GLAAD has been working with the film God Loves Uganda for the past two years. The film highlights the US evangelical roots of Uganda's 'kill the gays' bill and its detrimental impact on LGBT Ugandans. This Friday, October 11, God Loves Uganda will open the theaters around the United States and Canada. The Oscar award willing director, Roger Ross Williams, shared with GLAAD why he made the film, as well as what action he hopes the film inspires.
My father was a religious leader in our community, and I grew up in a Baptist mega-church in the Deep South. When I reached adulthood, it became startlingly clear that for all the belonging and love fostered by my faith, their doors were shut to me as a gay person.

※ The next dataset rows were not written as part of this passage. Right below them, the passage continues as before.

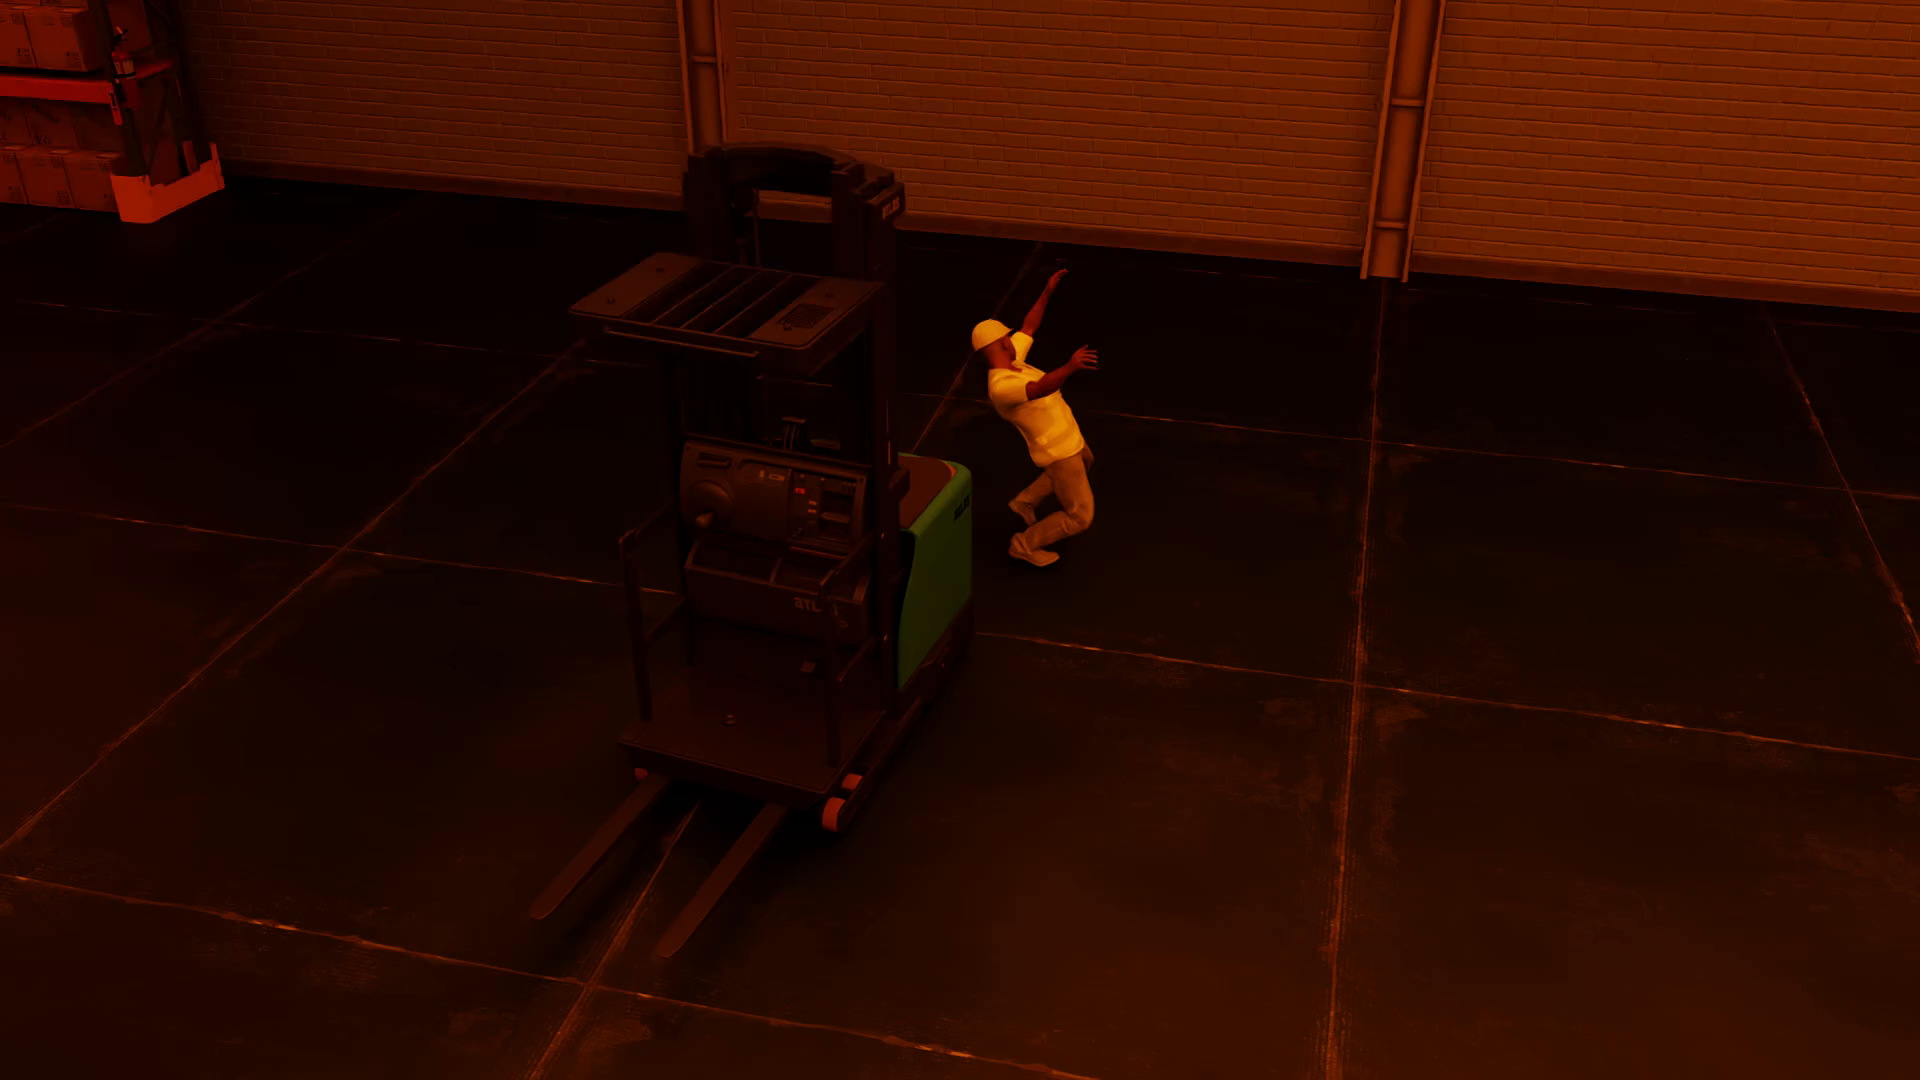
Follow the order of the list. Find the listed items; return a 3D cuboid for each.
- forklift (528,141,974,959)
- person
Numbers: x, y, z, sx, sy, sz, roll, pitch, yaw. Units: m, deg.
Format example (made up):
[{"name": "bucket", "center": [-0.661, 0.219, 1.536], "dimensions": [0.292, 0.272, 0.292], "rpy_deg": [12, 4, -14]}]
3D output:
[{"name": "forklift", "center": [-0.935, -0.147, 7.430], "dimensions": [1.130, 2.935, 3.031], "rpy_deg": [11, 31, 19]}, {"name": "person", "center": [0.436, -0.619, 9.565], "dimensions": [0.743, 1.642, 1.057], "rpy_deg": [-1, 30, -1]}]
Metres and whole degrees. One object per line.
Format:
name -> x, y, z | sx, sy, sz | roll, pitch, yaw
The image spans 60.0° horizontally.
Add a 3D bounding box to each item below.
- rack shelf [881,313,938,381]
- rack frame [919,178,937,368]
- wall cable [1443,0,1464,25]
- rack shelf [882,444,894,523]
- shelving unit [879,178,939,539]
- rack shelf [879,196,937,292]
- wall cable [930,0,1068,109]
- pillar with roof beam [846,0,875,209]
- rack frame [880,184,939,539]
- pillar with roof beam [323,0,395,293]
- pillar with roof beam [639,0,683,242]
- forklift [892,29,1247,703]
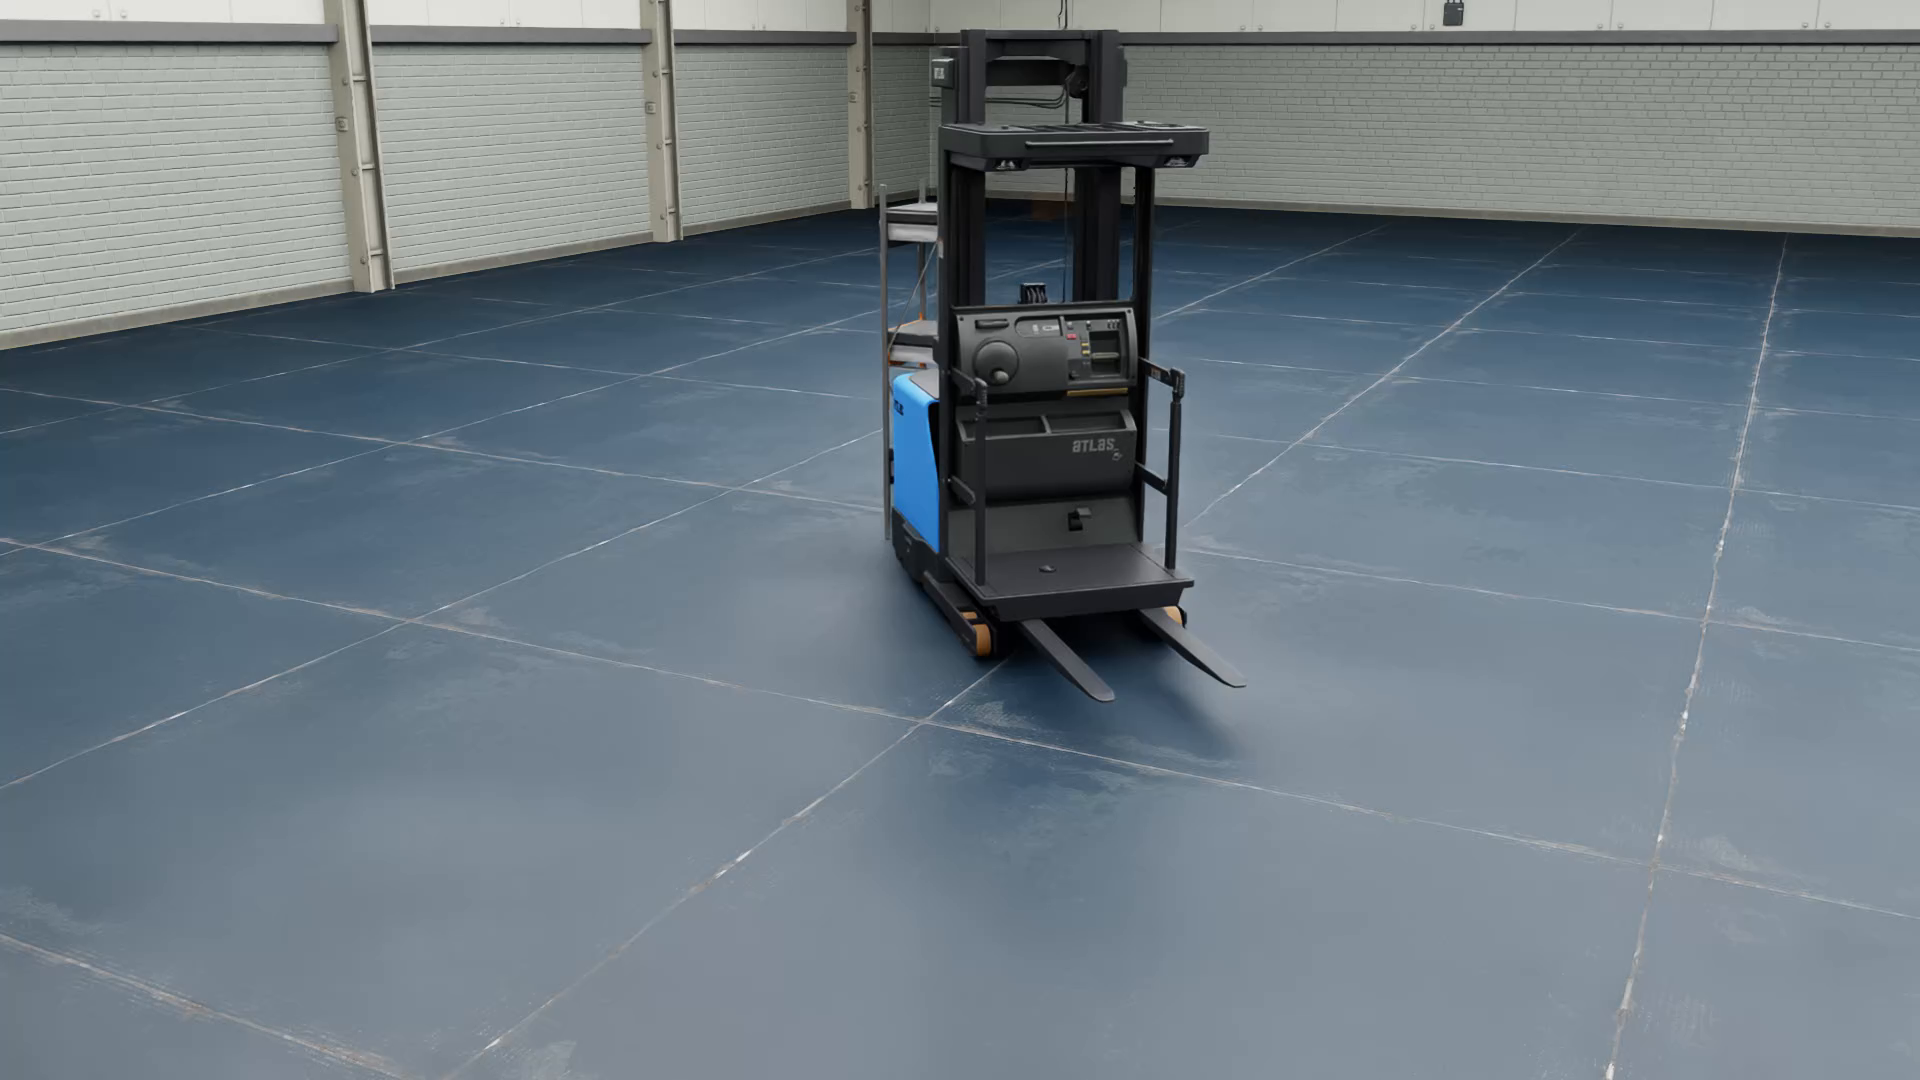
rack shelf -> -0.167, -1.042, 9.894 | 0.431, 0.518, 0.480 | 8, 18, 25
rack frame -> -0.060, -1.118, 10.100 | 0.400, 2.100, 0.015 | 8, 18, 25
wall cable -> 9.188, -11.427, 26.720 | 2.305, 6.003, 0.169 | 8, 18, 25
rack shelf -> -0.167, -0.371, 10.093 | 0.431, 0.518, 0.480 | 8, 18, 25
shelving unit -> -0.167, -1.055, 9.890 | 0.431, 2.100, 0.503 | 8, 18, 25
rack shelf -> -0.167, -1.713, 9.695 | 0.431, 0.518, 0.480 | 8, 18, 25
wall cable -> 0.702, -9.520, 31.726 | 3.097, 2.526, 0.112 | 8, 18, 25
pillar with roof beam -> 2.054, -9.879, 27.480 | 9.100, 9.000, 0.400 | 8, 18, 25
rack frame -> -0.275, -0.993, 9.680 | 0.400, 2.100, 0.015 | 8, 18, 25
pillar with roof beam -> -3.308, -6.822, 17.189 | 9.100, 9.000, 0.400 | 8, 18, 25
pillar with roof beam -> -0.627, -8.351, 22.334 | 9.100, 9.000, 0.400 | 8, 18, 25
forklift -> 0.499, -0.955, 8.093 | 1.130, 2.935, 3.031 | -5, 17, -15

That experience left me with the desire to explore how religion has the dual power both to enrich and destroy. In 2009, when it became clear that Uganda’s Anti-Homosexuality Bill was gaining traction, I journeyed to Africa to understand ‘how’. I glimpsed the white faces all around me – on the plane, in coffee shops, on the streets of Kampala – and I began explore the possibility that the evangelical movement, fueled by missionaries in Uganda, had propelled the bill.
I turned the camera on Evangelical pastors and Ugandan ministers (some of whom are among the wealthiest people in the country) – along with LGBT activists and faith leaders like Bishop Christopher Senyonjo, who risk their lives every day to combat the spread of hate.

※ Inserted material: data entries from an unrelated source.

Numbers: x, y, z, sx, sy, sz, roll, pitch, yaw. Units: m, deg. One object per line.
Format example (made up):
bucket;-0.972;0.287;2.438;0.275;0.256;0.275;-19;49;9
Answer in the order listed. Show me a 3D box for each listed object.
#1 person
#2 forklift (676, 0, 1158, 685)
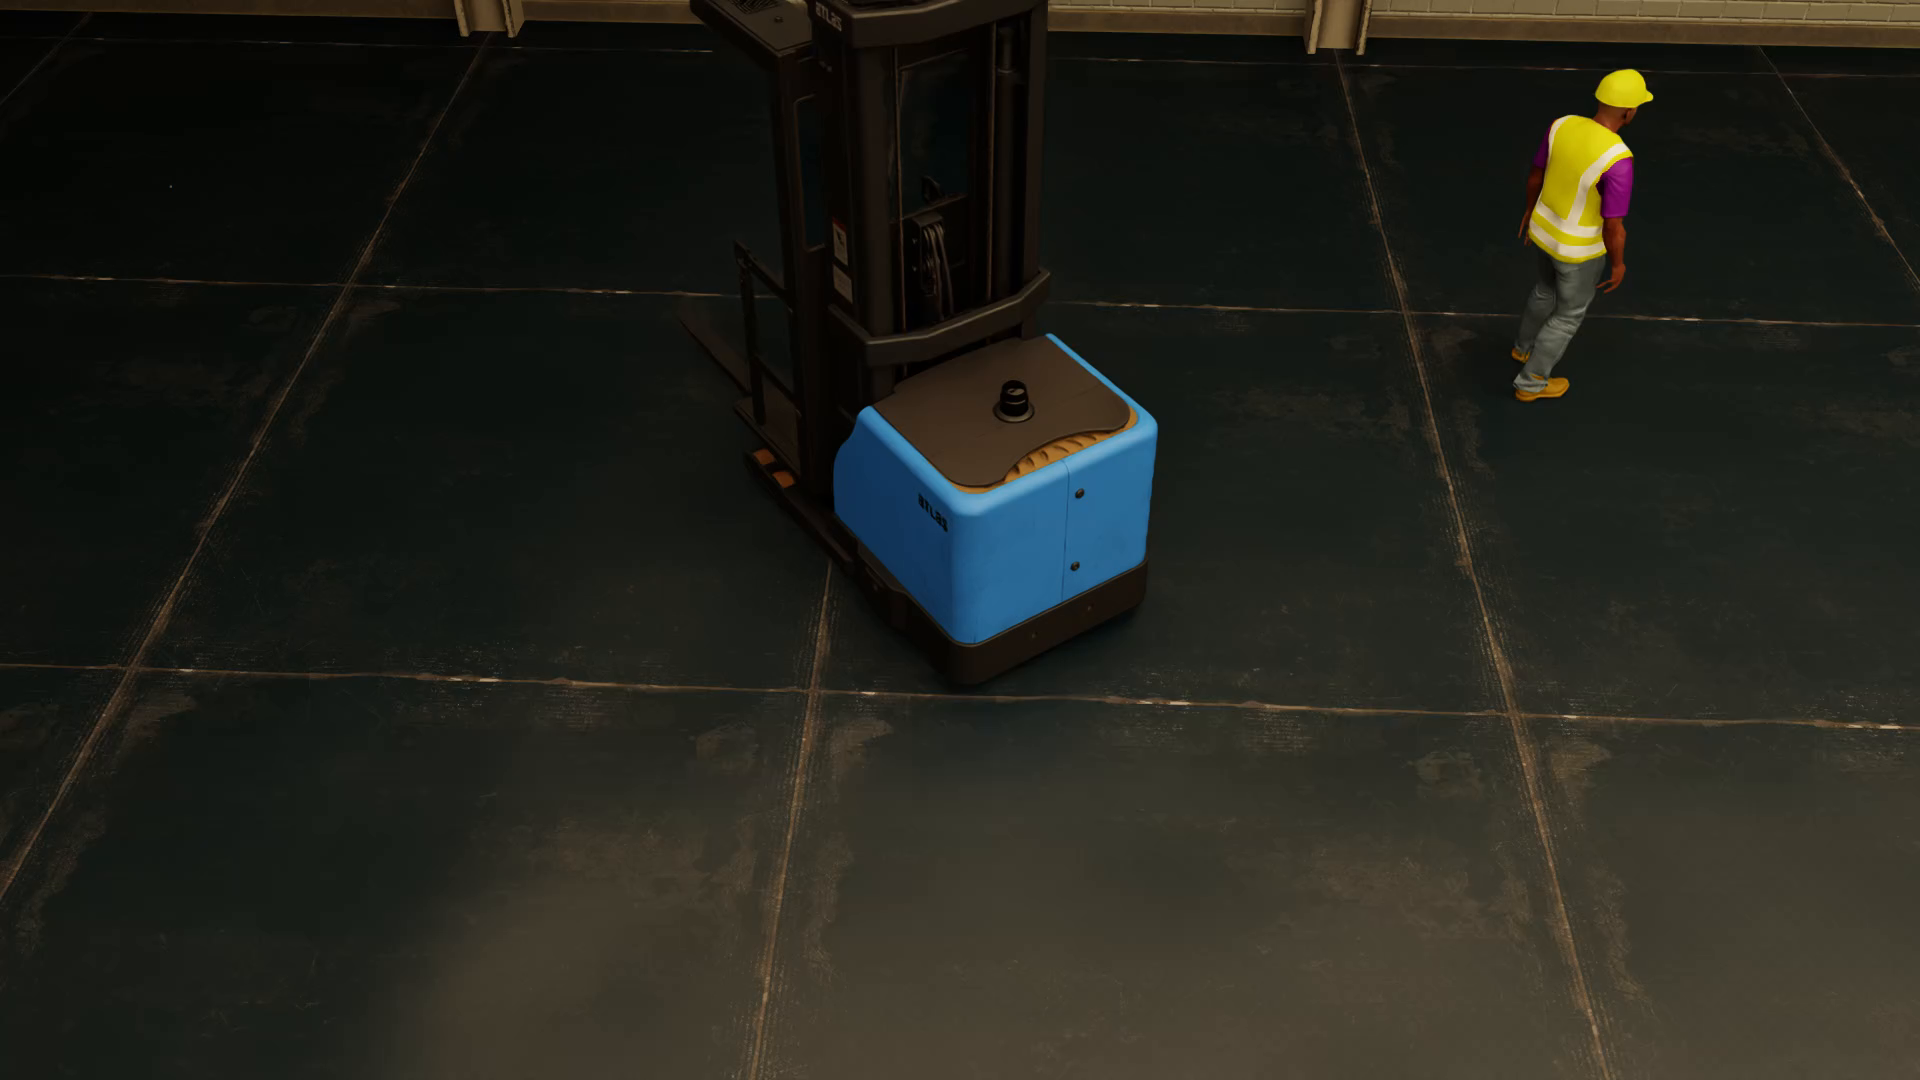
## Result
person;3.091;-1.503;8.283;0.499;1.779;0.653;-14;44;-15
forklift;-0.402;-1.423;7.301;1.130;2.935;3.031;-24;48;-24

God Loves Uganda, which documents the Evangelical campaign to change African culture with values imported from America’s religious right, is the result of 3 years of exploration. The film confirms the hypothesis that Evangelical Americans have played a vital role in the spread of homophobia in countries like Uganda – and, as we’re seeing in recent weeks - in Russia.
The film premiered at the Sundance Film Festival in January, and has been on tour around the world for the past 10 months. Our screening tour has taken us from the Task Force’s Creating Change Conference in Atlanta to the National Cathedral on International Day Against Homophobia, to Kansas City with International House of Prayer members.
This summer, thanks to a grant from the Ford Foundation, I took the film back to Africa. Our goal was to ensure the message reached the most pertinent audience.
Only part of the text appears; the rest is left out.